Whichever lines of the entries hold the word "meters" should be identified and copied.

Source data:
= Beginning of Section =

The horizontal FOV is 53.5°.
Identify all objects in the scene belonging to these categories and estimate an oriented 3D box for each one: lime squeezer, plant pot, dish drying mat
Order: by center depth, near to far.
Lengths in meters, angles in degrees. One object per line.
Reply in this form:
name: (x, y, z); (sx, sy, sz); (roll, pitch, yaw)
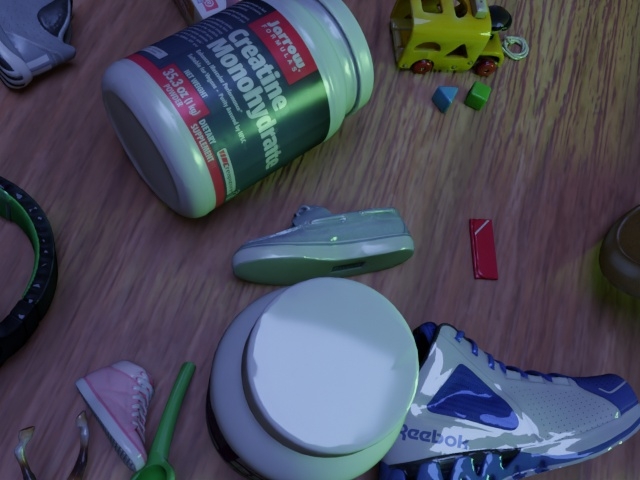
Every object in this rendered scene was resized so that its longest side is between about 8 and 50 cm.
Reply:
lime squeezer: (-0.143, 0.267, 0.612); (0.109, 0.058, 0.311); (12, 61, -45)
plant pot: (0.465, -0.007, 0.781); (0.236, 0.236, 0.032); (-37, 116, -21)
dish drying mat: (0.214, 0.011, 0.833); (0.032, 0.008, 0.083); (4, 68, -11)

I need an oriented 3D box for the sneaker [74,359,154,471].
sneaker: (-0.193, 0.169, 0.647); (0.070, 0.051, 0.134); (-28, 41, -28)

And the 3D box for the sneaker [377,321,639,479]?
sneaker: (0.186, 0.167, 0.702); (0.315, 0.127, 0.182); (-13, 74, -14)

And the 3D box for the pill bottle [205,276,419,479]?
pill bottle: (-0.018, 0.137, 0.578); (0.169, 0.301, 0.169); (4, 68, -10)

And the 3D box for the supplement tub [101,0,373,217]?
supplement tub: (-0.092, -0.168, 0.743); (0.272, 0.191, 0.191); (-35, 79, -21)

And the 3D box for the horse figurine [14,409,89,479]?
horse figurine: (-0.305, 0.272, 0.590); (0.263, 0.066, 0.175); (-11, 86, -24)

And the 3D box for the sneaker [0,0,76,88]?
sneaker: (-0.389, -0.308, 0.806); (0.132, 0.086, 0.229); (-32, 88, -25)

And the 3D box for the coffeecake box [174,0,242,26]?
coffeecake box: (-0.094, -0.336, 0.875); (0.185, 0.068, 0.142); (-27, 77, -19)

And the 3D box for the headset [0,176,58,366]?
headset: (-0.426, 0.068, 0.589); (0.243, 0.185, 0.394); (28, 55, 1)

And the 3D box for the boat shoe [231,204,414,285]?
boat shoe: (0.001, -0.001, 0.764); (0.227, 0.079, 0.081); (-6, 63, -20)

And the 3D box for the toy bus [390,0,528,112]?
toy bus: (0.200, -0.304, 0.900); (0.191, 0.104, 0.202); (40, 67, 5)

= End of Section =
= Beginning of Section =

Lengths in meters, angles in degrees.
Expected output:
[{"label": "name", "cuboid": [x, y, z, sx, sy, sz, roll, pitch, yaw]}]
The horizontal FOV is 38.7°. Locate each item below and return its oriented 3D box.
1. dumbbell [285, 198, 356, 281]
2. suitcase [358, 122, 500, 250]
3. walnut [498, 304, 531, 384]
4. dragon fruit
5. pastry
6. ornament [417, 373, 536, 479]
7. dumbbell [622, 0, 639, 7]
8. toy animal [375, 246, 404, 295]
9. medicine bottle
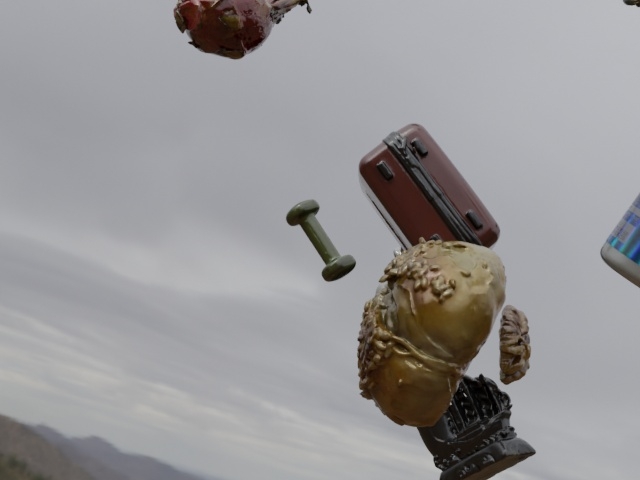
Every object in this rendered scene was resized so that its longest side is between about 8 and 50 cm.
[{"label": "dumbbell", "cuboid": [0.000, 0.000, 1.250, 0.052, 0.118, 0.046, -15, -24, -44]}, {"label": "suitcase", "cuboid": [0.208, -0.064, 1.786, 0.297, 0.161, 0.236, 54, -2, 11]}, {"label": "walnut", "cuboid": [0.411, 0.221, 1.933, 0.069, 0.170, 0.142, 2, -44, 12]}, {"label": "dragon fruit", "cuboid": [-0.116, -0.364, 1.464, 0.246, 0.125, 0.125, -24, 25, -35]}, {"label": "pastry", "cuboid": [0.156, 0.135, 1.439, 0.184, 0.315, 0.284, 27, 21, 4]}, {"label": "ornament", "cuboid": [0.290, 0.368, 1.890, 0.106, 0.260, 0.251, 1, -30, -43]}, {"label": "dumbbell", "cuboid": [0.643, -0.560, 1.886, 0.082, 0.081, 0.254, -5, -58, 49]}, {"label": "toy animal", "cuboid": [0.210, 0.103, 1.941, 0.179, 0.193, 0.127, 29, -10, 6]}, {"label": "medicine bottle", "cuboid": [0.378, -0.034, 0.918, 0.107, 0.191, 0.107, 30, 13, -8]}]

= End of Section =

SOLUTION:
Lengths in meters, angles in degrees. One object per line.
Lengths in meters, angles in degrees.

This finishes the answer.